Doença periodontal em cães: prevenção, sinais e tratamento

Doença periodontal em cães: prevenção, sinais e tratamento

Mais de 80% dos cães acima de 3 anos têm algum grau de doença periodontal. É a condição clínica mais prevalente na medicina veterinária de pequenos animais — e uma das mais subestimadas pelos tutores. A doença periodontal não é apenas “mau hálito” ou dente feio; em estágios avançados causa dor crônica, perda dentária e pode contribuir para doenças sistêmicas graves.

O que é a doença periodontal

Periodonto é o conjunto de estruturas que sustentam o dente: gengiva, ligamento periodontal, cemento e osso alveolar. A doença periodontal é a destruição progressiva dessas estruturas por ação bacteriana.

O processo começa com placa bacteriana — uma película de bactérias que se forma sobre o esmalte em horas após uma refeição. Se não removida, a placa mineraliza em 24-48 horas e vira tártaro (cálculo dental) — uma estrutura dura aderida ao dente que a escovação não remove.

O tártaro abriga mais bactérias que liberam toxinas e ativam resposta inflamatória. Essa inflamação destrói progressivamente os tecidos de sustentação do dente.

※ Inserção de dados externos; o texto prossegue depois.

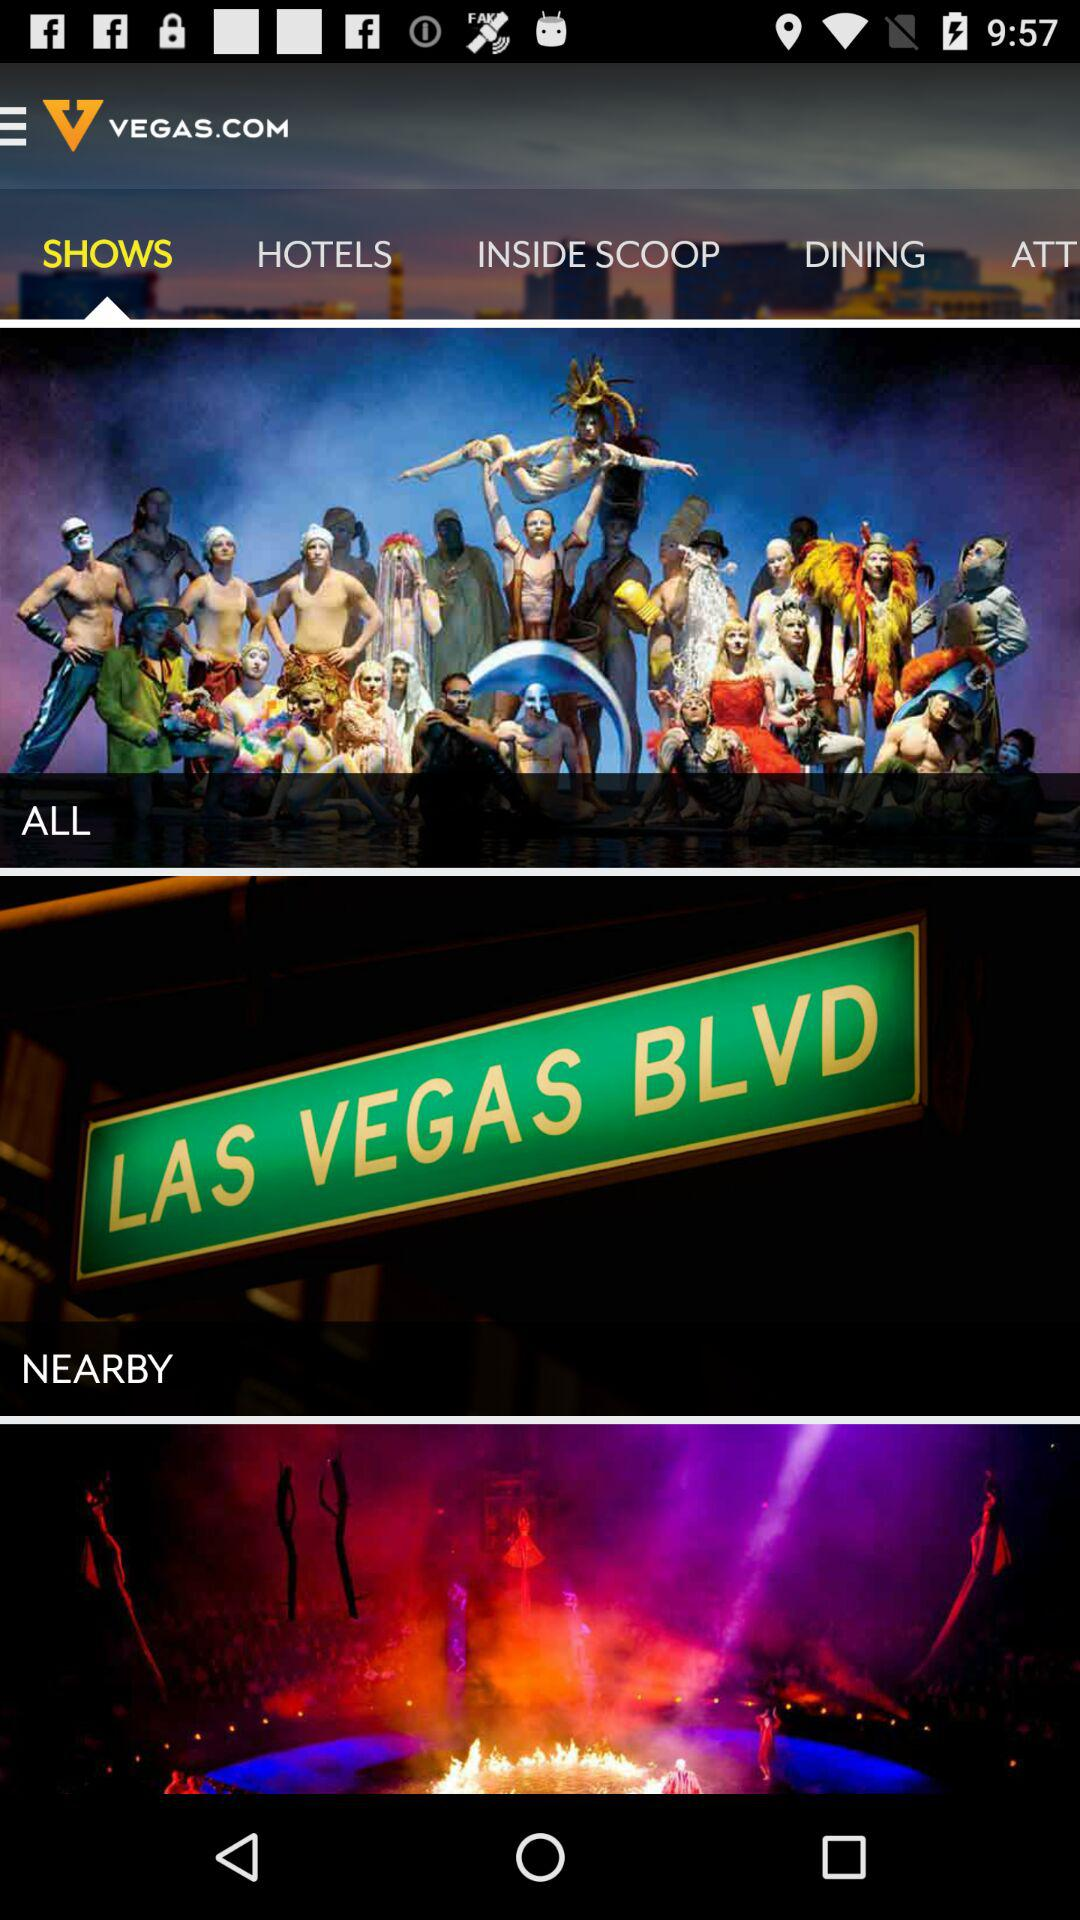What is the application name? The application name is "VEGAS.COM". 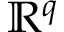<formula> <loc_0><loc_0><loc_500><loc_500>\mathbb { R } ^ { q }</formula> 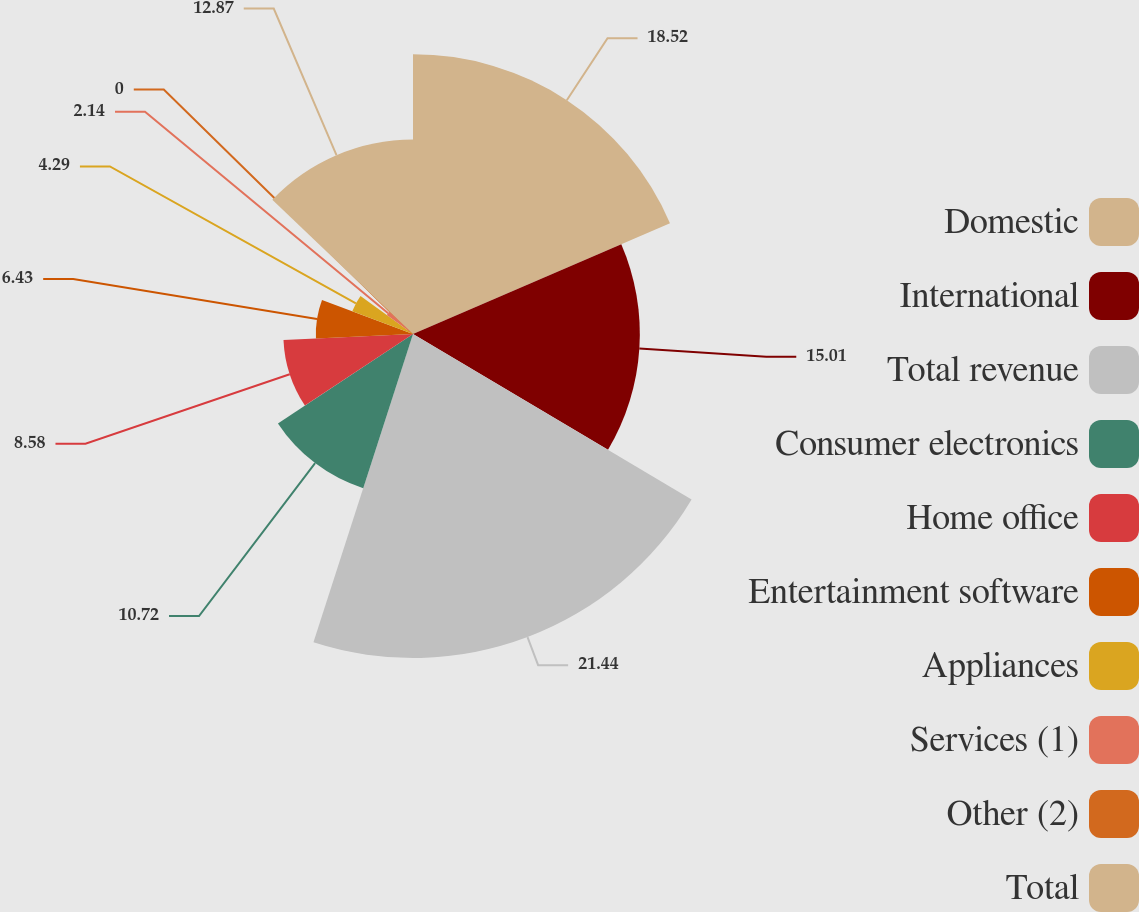<chart> <loc_0><loc_0><loc_500><loc_500><pie_chart><fcel>Domestic<fcel>International<fcel>Total revenue<fcel>Consumer electronics<fcel>Home office<fcel>Entertainment software<fcel>Appliances<fcel>Services (1)<fcel>Other (2)<fcel>Total<nl><fcel>18.52%<fcel>15.01%<fcel>21.44%<fcel>10.72%<fcel>8.58%<fcel>6.43%<fcel>4.29%<fcel>2.14%<fcel>0.0%<fcel>12.87%<nl></chart> 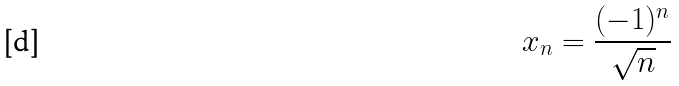Convert formula to latex. <formula><loc_0><loc_0><loc_500><loc_500>x _ { n } = \frac { ( - 1 ) ^ { n } } { \sqrt { n } }</formula> 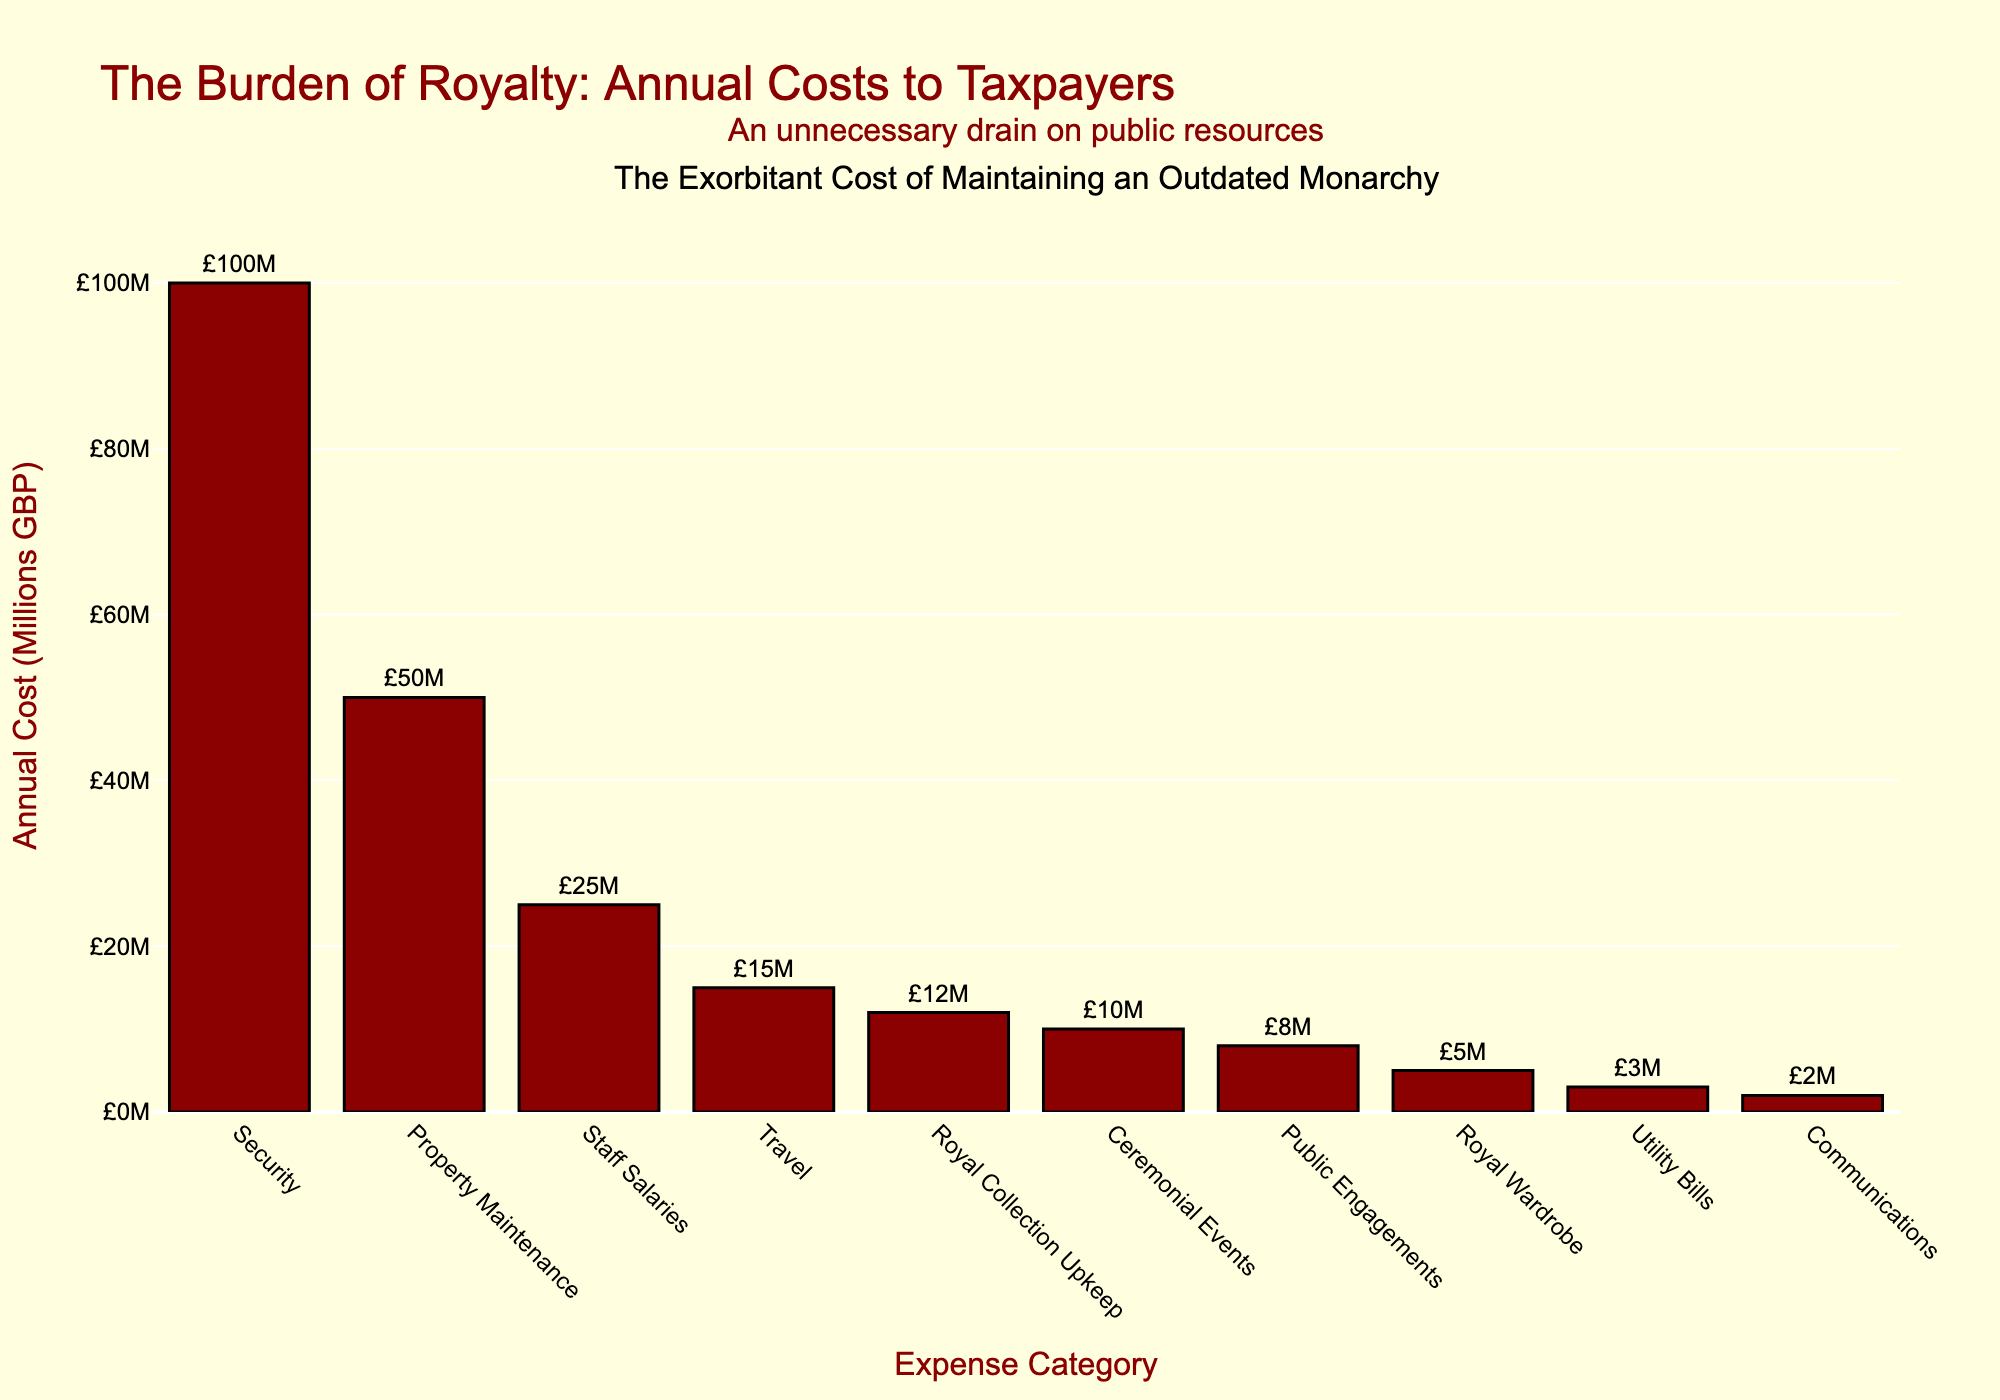What is the title of the plot? The title of the plot is located at the top of the figure, written in a larger and bold font to attract attention. The title is "The Burden of Royalty: Annual Costs to Taxpayers."
Answer: "The Burden of Royalty: Annual Costs to Taxpayers" How much is spent annually on Security for the royal family? By looking at the tallest bar on the histogram, labeled "Security" at the top of the y-axis and the text annotation, you can see that £100M is spent annually on Security.
Answer: £100M Which expense category has the smallest annual cost, and what is that cost? By identifying the shortest bar at the rightmost part of the histogram, labeled "Communications," and the text annotation above it, you can see that Communications has the smallest annual cost of £2M.
Answer: Communications, £2M What are the annual costs associated with Property Maintenance, Travel, and Royal Wardrobe, summed together? Find the bar heights of Property Maintenance (50M), Travel (15M), and Royal Wardrobe (5M), then sum these values: 50 + 15 + 5 = 70. So, the annual costs together equal £70M.
Answer: £70M What is the difference between the annual costs for Staff Salaries and Royal Collection Upkeep? Locate the bars for Staff Salaries (25M) and Royal Collection Upkeep (12M), then calculate the difference: 25 - 12 = 13. The difference is £13M.
Answer: £13M Which expense category costs more, Ceremonial Events or Public Engagements? By comparing the heights of the bars labeled "Ceremonial Events" (10M) and "Public Engagements" (8M), you can see that Ceremonial Events costs more.
Answer: Ceremonial Events What fraction of the total annual costs is spent on Utility Bills? Identify the total annual cost by summing all expenses: 100+15+50+25+10+5+8+3+12+2 = 230. Then, locate Utility Bills at 3M and calculate the fraction: 3/230 ≈ 1.30%. So, about 1.30% of the total annual costs are spent on Utility Bills.
Answer: 1.30% What is the combined annual cost for Security and Property Maintenance? Find the bar heights for Security (100M) and Property Maintenance (50M) and add them together: 100 + 50 = 150. The combined annual cost is £150M.
Answer: £150M If the budget for Security were cut by 50%, how would it compare to the current cost of Property Maintenance? Security costs £100M. If reduced by 50%, it would be 100/2 = 50M, making it equal to the current cost of Property Maintenance (50M).
Answer: Equal to Property Maintenance

Estágios da doença periodontal

Estágio O que está acontecendo É reversível?
0 — Saudável Gengiva rosada, sem tártaro, sem bolsas
1 — Gengivite Gengiva inflamada, vermelha, sangra ao toque; sem perda óssea ✅ Sim — com limpeza profissional
2 — Periodontite leve Perda de até 25% do suporte periodontal; bolsas rasas ⚠️ Parcialmente
3 — Periodontite moderada Perda de 25-50% do suporte; bolsas profundas; dor ❌ Irreversível; controlável
4 — Periodontite grave Perda acima de 50%; dente com mobilidade; possível fratura de mandíbula ❌ Extração necessária

Sinais de alerta

Cães mascaram dor muito bem. Quando o tutor percebe, a doença já está avançada:

  • Hálito fétido — o sinal mais percebido, mas aparece desde o estágio inicial
  • Gengiva vermelha ou que sangra ao escovar ou ao comer
  • Tártaro visível — depósito marrom ou amarelado, especialmente nos pré-molares superiores
  • Salivação excessiva ou relutância em mastigar
  • Preferência por mastigar de um lado
  • Dentes soltos ou com mobilidade
  • Inchaço no focinho ou abaixo do olho — pode ser abscesso dental
  • Recusa de alimento em animal que comia normalmente

Por que raças pequenas têm mais problemas

Raças de pequeno porte (Yorkshire, Shih-Tzu, Poodle miniatura, Maltês, Dachshund) têm proporcionalmente dentes grandes para a mandíbula — muito próximos uns dos outros. Esse apinhamento retém placa e impossibilita limpeza adequada na base dos dentes. A doença periodontal progride mais rápido nessas raças, e limpeza profissional pode ser necessária anualmente a partir dos 2-3 anos.

Consequências sistêmicas

A boca não é um sistema isolado. Bactérias periodontais entram na corrente sanguínea (bacteremia) e podem causar:

  • Endocardite bacteriana — inflamação das válvulas cardíacas; associação documentada em cães
  • Nefrite — dano renal por deposição de complexos imunes
  • Hepatite bacteriana

Cães com doença cardíaca pré-existente têm risco ainda maior. O manejo periodontal é parte essencial do cuidado cardiovascular em cães cardiopatas.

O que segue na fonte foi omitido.